One: We have the media reporting it more. Nothing wrong with that there as it keeps the public informed and it also helps keep airliners and FAA on their toes.

Two: We are coming quickly to the the 20 year mark of when Air Traffic Controllers were fired and the FAA did a mass hiring to fill those spots. Now, 20 years pass, a lot of those controllers are beginning to retire. So again, the FAA is in a huge hiring process to fill those roles.

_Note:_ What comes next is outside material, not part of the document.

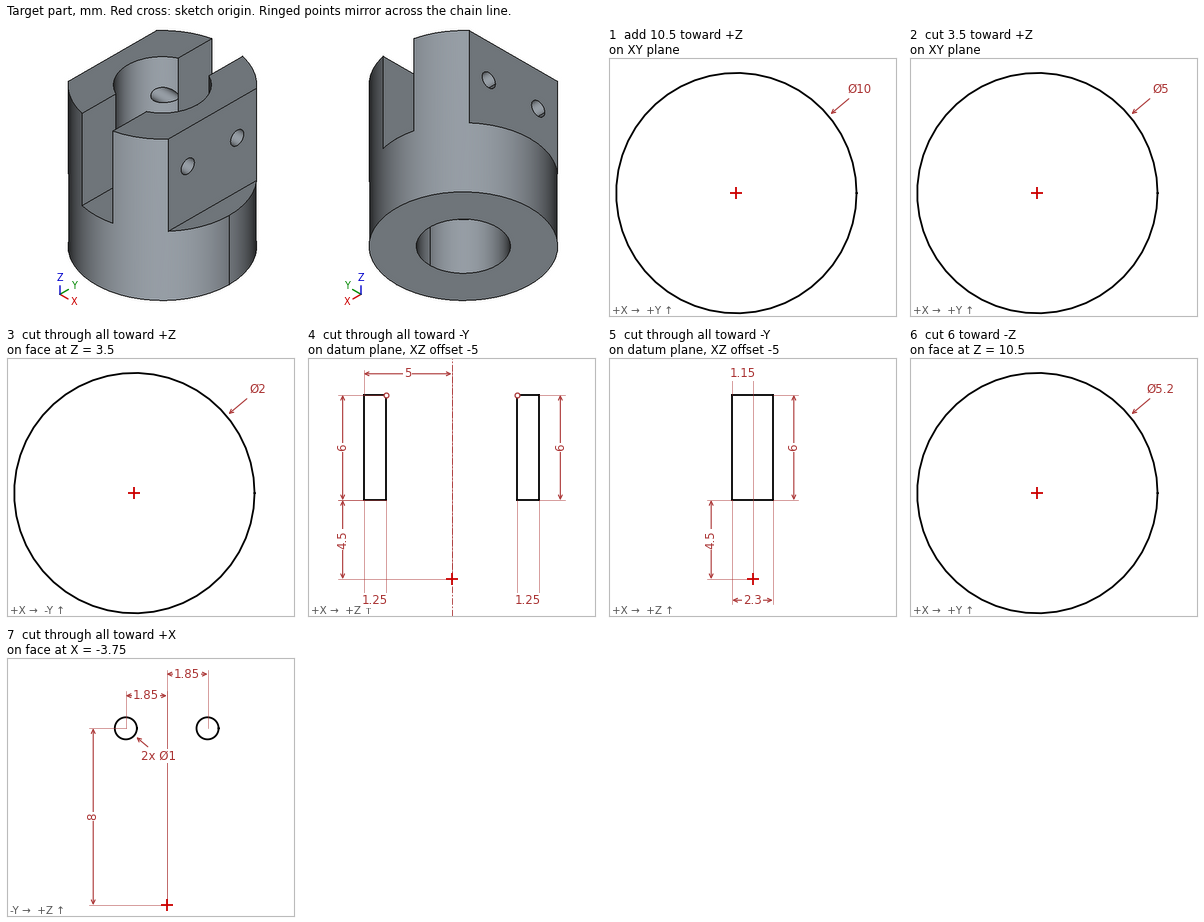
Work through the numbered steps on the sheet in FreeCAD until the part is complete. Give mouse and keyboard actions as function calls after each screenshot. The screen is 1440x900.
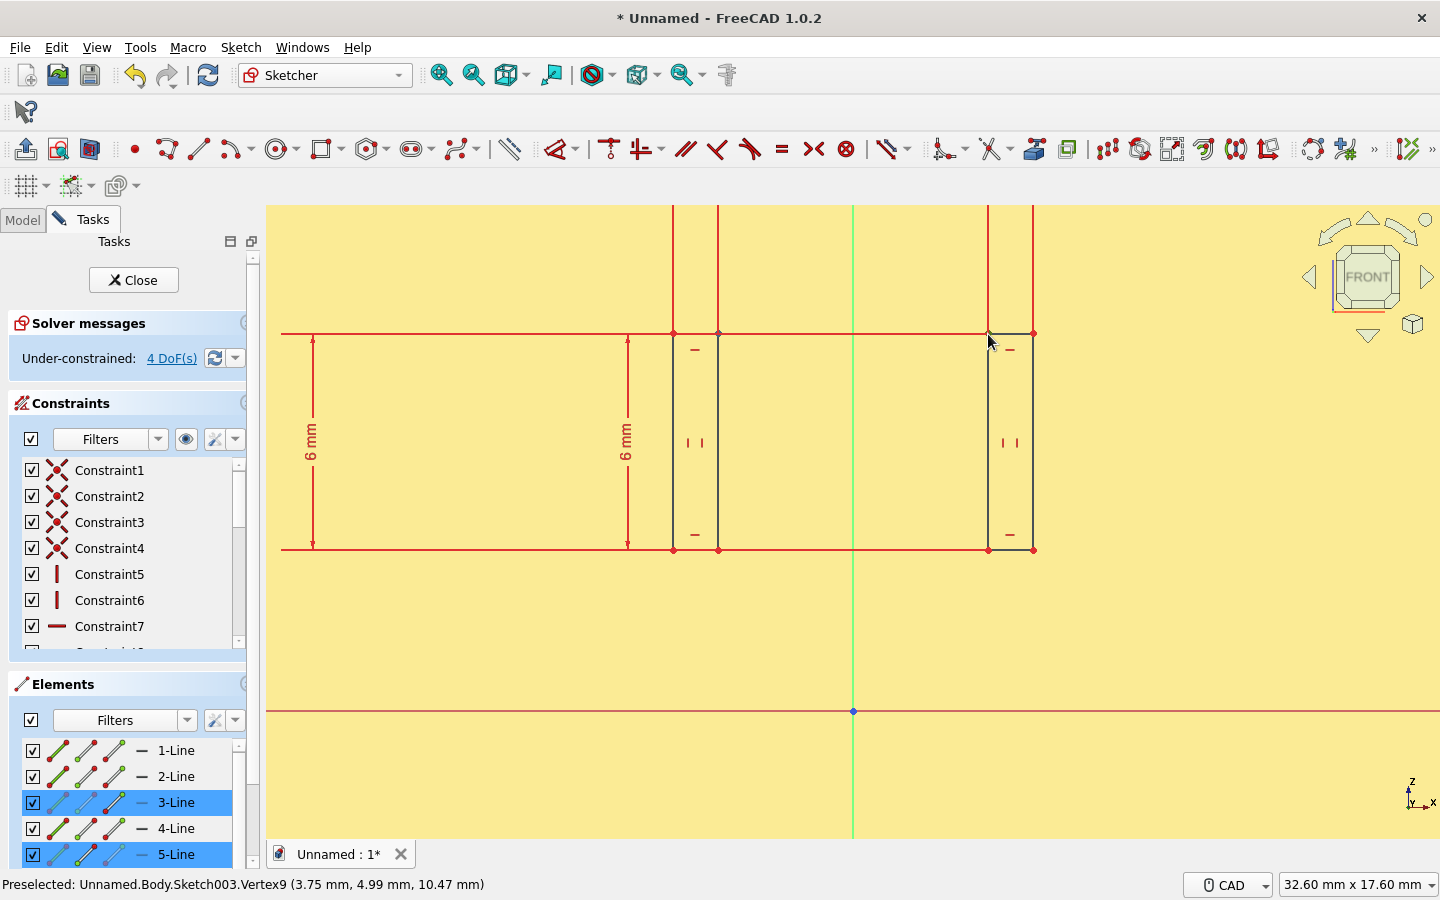
click(853, 770)

Which means a bunch of 'green' controllers that are half as professional as their predecessors.

Three: Airliners have recently had a new requirement, in which when their TCAS (early warning radar system that tells the pilot of impeding conflict) to NTSB and maybe the FAA. I will have to dig for that source, but I am fairly certain it is a new mandatory requirement rather than optional.

Four: Newer systems in terms of how air traffic is handled are coming online that allow separation between airplanes to be reduced, more efficient lanes of departure and arrival, which leads to more planes in a given space as before.

Nothing fishy, just a system that is going through a lot of changes. Hopefully for the better. It is the best handled air space in the world if you look at overall safety record and amount of people who fly.

ETA: Also, it really depends on the incident. Was the incident major? Minor? On the ground? General aviation? Commercial? Looking deeper into the data helps one figure out if things are getting worse, or just a bad periord with a bunch of small mistakes.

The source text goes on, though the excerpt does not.